The rage in me is only growing as I see the hot chicks and young broads walking in and out of the Starbucks, a major reason why I mentioned the dislike for this place earlier. Like seriously, what is up with coffee shops and being hotspots for these ripe aged 10/10 girls? It burns me, burns me to know they all put on an act of customer service. Despite the façade, they harbor great disgust for me as another subhuman customer, wanting so badly to disengage back to their boyfriends, for which they all have.

Paying for the coffee without tip and taking the drinks in a cup holder from the brewing lady through the window, I turned over to place it beside me in the crowded car. “It won’t fit,” I noticed. So I turn to place it on one of my sister’s laps so she can hold it for the time being. Forgetting the current state of my angered sisters, she decides to completely flip the drink I was lowering on her lap with a sharp flick, shrugging it off so it falls onto the car’s passenger floor, wetting it completely.

That was the last straw… Suddenly I didn’t care if the brewing lady was to the side of me, or that I was in public, or that up to this point I have never uttered a word of vulgarity to my sisters or family, none of it mattered anymore, the next words I spoke were character shattering.

“You fucking whore,” I told her, my voice rising and the young Starbucks college girl at the drive-thru widening her eyes. “You stupid fucking whore,” I spit out, hitting the pedal in rage, the engine roaring. Ironically, my sister starts bawling. Funny how that works, huh? She's the one dishing it out and now she's the one crying? I’m the bad guy now? How’d that happen? I ignored it, speeding faster and faster, pushing the engine without consent. “I’m going to crash this stupid fucking car and watch you die, dumb bitch.”

My sisters grow increasingly agitated, their only retort being “This is why you have no friends,” “This is why you’re alone,” “This is why nobody likes you.” I slur their words back at them, the loudest I've ever had to speak really, with the windows open for the world to hear. “I don’t give a fuck if I’m alone, I don’t give a fuck if I’ll always be alone, and I don’t give a fuck if nobody likes me.” My own voice sounded pretty foreign to me, but I don’t regret it to be honest.

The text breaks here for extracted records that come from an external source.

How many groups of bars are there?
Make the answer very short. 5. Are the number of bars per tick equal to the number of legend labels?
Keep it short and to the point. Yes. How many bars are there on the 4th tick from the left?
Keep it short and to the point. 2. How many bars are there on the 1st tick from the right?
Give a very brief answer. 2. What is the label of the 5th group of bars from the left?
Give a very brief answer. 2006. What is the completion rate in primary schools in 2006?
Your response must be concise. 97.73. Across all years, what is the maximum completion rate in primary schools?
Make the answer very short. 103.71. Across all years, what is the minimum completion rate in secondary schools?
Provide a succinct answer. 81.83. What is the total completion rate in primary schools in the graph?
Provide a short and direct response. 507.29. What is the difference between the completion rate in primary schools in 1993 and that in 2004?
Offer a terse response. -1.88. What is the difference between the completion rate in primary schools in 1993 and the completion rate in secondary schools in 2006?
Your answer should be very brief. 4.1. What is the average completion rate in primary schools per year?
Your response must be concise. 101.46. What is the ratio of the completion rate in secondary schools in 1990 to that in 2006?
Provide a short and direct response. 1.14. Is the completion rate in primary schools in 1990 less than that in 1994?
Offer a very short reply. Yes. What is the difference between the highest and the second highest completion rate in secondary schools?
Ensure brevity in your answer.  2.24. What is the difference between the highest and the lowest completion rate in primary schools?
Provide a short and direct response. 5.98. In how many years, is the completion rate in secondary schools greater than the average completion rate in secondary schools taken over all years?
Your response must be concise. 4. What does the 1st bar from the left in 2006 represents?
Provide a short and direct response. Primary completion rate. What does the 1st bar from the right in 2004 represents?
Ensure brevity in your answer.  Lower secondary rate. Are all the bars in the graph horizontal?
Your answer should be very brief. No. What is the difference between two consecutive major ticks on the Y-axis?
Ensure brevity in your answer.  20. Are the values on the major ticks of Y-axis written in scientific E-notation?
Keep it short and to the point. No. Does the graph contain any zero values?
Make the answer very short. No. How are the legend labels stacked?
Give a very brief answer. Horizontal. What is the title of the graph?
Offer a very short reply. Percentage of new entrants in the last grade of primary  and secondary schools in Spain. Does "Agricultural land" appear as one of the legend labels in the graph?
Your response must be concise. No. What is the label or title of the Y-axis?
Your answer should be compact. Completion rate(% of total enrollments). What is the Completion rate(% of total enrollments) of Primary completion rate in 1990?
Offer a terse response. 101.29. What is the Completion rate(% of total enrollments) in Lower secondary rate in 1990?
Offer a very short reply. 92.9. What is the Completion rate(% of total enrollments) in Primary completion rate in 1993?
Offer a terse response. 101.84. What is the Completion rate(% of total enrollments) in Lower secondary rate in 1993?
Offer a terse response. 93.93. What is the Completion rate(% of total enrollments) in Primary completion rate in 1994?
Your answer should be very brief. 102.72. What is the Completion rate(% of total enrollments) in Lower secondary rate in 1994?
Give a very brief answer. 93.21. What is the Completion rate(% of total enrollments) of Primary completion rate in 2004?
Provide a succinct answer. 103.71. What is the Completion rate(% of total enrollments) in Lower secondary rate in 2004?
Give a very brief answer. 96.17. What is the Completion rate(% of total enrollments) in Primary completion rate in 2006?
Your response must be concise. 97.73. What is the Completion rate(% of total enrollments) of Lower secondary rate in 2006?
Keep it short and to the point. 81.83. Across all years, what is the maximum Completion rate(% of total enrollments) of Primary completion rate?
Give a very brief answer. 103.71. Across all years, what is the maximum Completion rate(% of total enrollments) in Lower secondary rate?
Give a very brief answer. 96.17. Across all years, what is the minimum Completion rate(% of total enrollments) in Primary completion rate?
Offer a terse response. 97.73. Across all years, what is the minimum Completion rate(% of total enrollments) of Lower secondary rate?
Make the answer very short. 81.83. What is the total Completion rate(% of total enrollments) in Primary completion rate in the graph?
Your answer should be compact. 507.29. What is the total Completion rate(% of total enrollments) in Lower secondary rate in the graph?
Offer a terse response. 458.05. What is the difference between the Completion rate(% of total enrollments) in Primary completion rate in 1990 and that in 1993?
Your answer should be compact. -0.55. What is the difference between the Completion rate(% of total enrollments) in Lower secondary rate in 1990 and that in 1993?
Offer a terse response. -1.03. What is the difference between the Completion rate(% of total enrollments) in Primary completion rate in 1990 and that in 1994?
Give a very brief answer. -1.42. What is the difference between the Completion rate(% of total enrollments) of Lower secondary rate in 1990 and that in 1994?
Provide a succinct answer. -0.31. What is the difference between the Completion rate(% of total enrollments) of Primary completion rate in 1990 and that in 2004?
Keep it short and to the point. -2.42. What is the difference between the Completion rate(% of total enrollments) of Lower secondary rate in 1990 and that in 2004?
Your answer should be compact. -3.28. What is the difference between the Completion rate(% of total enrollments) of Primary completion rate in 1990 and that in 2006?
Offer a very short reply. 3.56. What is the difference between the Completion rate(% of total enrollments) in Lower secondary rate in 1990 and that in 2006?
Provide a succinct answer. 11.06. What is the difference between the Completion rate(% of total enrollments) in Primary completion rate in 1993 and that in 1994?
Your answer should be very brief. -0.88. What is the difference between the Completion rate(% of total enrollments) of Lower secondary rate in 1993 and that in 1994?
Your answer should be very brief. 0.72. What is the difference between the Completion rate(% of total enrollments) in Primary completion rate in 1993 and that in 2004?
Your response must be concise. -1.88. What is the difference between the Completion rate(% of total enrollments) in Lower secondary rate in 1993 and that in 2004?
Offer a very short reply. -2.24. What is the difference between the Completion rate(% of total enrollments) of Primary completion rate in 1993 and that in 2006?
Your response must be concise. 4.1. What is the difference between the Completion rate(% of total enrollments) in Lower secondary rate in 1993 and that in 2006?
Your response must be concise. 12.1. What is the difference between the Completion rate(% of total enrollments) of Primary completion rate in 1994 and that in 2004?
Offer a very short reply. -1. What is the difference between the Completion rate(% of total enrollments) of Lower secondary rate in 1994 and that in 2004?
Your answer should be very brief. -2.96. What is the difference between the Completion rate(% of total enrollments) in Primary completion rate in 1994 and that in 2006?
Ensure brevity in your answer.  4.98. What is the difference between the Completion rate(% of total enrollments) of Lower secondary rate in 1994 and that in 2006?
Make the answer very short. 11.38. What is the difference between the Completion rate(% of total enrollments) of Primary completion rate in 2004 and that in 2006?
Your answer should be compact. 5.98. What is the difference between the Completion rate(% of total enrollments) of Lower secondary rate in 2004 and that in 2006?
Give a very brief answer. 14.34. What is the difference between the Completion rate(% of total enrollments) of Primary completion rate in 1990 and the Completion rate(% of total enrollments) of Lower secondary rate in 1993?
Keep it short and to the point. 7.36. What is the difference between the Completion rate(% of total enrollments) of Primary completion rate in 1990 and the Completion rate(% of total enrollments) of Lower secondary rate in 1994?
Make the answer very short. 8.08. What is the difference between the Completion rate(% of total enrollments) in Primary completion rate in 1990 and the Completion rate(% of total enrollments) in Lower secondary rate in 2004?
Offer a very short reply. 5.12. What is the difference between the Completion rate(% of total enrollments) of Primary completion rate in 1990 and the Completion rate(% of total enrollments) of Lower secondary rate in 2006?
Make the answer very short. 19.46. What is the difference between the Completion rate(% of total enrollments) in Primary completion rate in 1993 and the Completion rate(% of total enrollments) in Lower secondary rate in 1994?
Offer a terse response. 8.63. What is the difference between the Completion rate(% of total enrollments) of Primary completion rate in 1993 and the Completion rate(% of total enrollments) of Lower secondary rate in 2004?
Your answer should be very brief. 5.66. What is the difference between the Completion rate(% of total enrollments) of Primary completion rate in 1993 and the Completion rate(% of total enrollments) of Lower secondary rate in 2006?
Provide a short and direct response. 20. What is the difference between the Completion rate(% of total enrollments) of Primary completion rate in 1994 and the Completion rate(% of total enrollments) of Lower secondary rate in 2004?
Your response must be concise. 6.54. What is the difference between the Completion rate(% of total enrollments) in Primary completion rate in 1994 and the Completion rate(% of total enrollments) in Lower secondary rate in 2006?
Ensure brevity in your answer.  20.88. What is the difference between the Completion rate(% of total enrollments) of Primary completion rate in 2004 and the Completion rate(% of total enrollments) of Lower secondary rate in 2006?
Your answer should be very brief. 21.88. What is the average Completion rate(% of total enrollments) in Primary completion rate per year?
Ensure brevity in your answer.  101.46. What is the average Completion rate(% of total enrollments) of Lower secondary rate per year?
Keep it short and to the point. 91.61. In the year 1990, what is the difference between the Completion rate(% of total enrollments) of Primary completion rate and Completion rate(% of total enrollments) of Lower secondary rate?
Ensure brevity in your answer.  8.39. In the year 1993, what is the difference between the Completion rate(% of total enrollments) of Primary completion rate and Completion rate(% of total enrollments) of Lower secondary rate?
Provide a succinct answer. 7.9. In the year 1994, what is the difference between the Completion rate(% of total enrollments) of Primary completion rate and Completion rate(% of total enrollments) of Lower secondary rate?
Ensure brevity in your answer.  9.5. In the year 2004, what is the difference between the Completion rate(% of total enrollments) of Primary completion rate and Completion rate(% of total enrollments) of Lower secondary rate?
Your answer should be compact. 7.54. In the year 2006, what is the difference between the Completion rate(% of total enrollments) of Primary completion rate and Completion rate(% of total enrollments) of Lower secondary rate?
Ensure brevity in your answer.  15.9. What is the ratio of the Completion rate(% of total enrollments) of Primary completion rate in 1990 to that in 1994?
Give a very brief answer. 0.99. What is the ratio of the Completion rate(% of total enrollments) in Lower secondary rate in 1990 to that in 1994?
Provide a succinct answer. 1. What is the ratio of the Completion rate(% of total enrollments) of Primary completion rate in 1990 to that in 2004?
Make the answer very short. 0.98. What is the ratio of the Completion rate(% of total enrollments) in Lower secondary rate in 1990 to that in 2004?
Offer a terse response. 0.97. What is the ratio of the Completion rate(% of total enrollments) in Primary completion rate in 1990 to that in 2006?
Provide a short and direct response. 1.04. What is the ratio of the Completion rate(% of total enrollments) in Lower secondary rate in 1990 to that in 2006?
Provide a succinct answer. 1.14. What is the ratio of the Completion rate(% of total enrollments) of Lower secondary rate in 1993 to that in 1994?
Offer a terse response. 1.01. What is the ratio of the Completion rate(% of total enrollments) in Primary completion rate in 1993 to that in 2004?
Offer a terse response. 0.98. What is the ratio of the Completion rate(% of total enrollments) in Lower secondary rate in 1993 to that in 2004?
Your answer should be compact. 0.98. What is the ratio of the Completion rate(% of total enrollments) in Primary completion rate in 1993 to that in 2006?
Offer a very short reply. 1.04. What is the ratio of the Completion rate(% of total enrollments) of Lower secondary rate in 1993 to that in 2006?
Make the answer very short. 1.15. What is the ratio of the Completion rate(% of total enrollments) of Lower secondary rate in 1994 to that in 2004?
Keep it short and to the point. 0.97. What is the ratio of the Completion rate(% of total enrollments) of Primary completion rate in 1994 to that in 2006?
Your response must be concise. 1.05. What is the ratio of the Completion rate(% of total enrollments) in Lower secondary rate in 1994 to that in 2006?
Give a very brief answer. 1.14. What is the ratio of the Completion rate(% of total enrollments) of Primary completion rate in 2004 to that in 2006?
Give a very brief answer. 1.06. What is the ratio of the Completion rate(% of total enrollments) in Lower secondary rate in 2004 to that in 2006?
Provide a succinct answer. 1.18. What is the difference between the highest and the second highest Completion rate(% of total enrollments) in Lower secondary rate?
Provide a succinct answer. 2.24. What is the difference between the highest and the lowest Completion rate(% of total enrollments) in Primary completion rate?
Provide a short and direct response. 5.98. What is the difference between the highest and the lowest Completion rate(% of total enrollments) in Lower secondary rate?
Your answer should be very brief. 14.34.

I’ve never cussed out my family, never swore in front of them. Being strict, it wasn't a thing. But at 19, my face keeps changing, and not in a good way. I couldn’t contain it anymore. The world twists me, corrupts me, and I am snapping, losing the mask. The harsh truth of how just another nameless man is treated in this world is a bitter pill to swallow.

But it’s a conclusion I’m coming into, and I’m finally accepting it, seeing beauty in it. My face is always changing, not in a good way. I don’t really care, is what I should say.
 
glad I dont have sisters then
 
I should do this
 
Why didnt you just pick up the starbucks on the way back instead of on the way there, making them late?